I have a bounded function,
$$ y= \begin{cases} 1 & \text{if $x>1$} \\ x & \text{if $0\leq x\leq 1$}\\ 0 &\text{if $x < 0$} \end{cases} $$ Does anyone know any simple math function to represent $y$? (not using a piece-wise function)
For example, Heaviside function is a similar approach.
Thanks
On
Let $H$ denote the unit step function.
$xH(x)$ is zero when $x$ is negative and equal to $x$ when $x$ is positive. $xH(x-1)$ is zero when $x$ is less than 1 and equal to $x$ otherwise. If I'm not mistaken, $$xH(x) - (x-1)H(x-1)$$ is the function you want.
On
There is a nice notation for this: $y=(x\wedge 1)\vee 0$.
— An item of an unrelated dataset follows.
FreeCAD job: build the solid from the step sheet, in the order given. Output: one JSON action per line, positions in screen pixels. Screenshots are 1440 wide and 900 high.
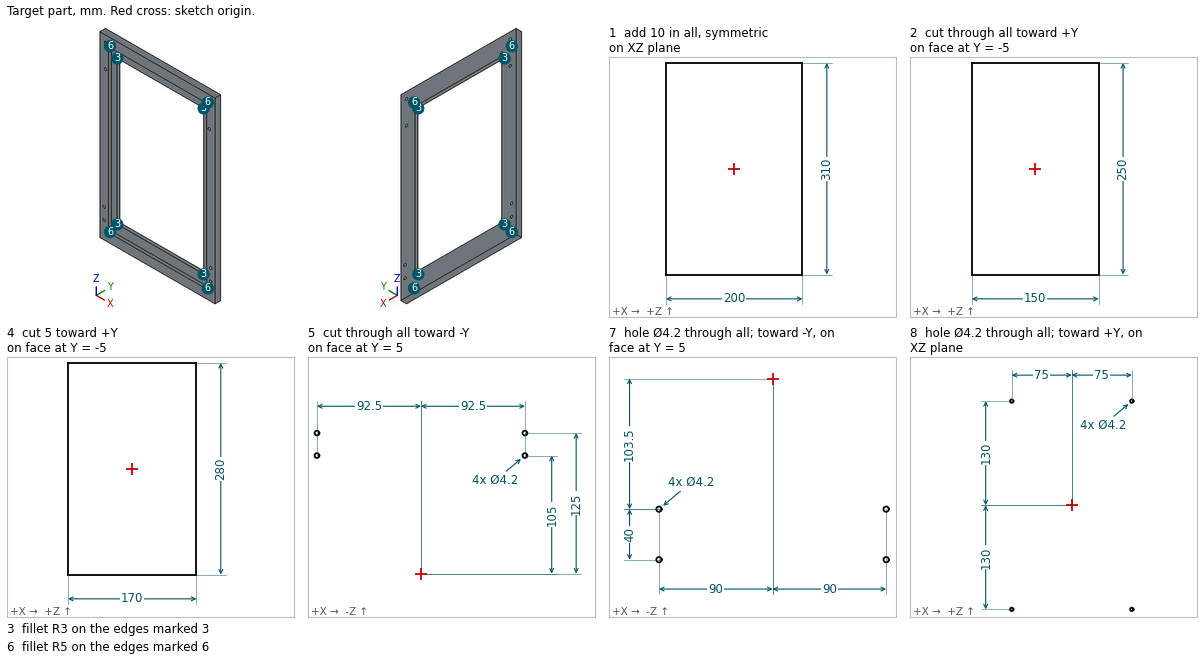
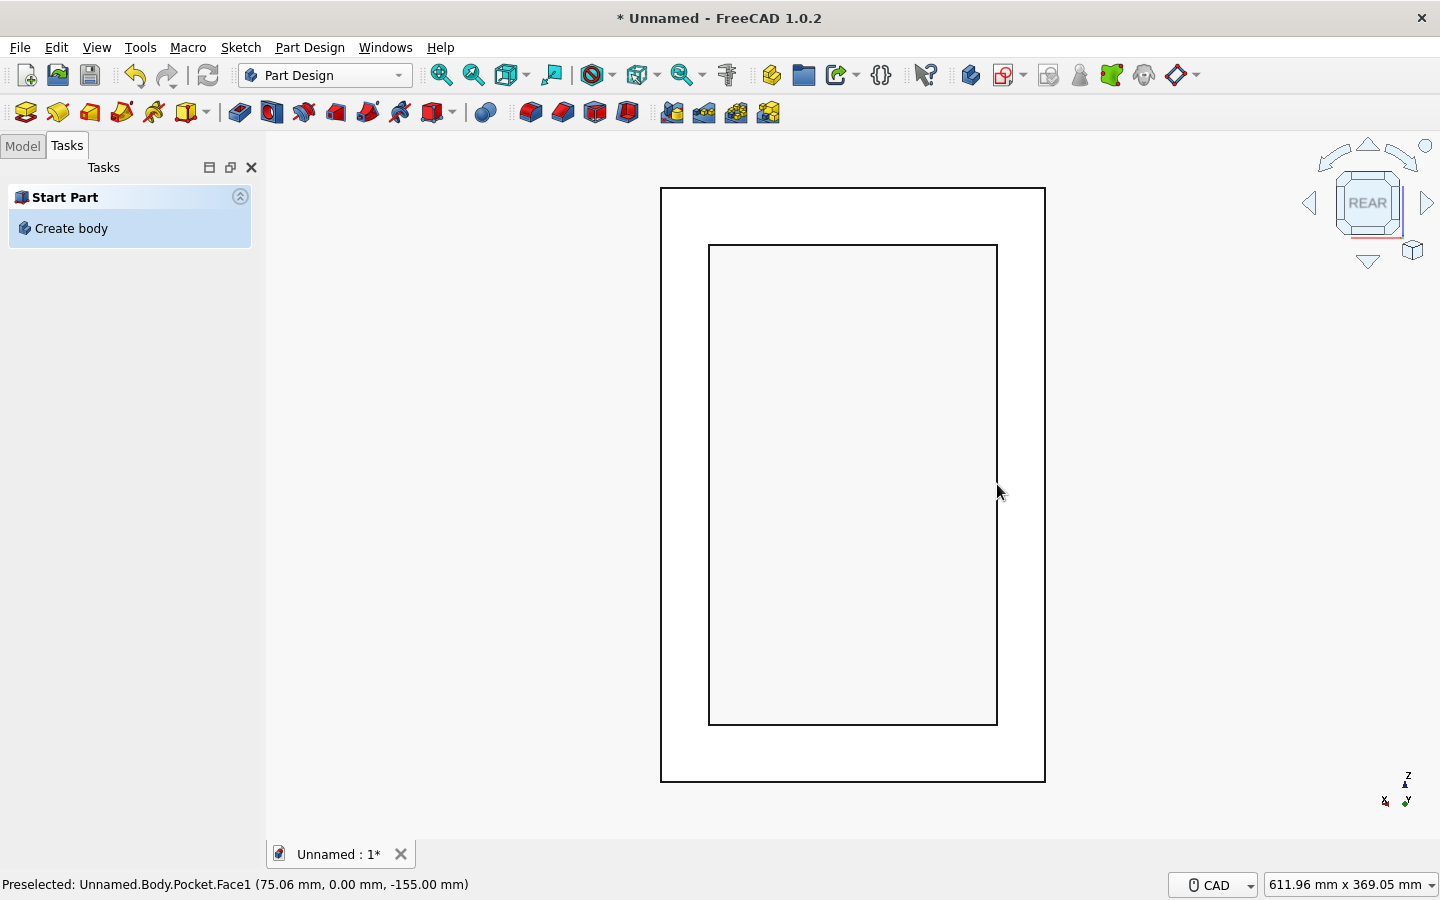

Note: this is just shorthand for $y=\max (\min(x,1),0)$.
On
$$ \int \rm rect\left( x- \frac12\right)\rm dx, $$ but be careful when choosing $\rm{const}$...
$$y=x[x>0] + (1-x)[x>1]$$ Where $[x>0]$ denotes the Iverson bracket, equalling $1$ if the expression is true, and $0$ otherwise. You can also use an indicator function if you prefer.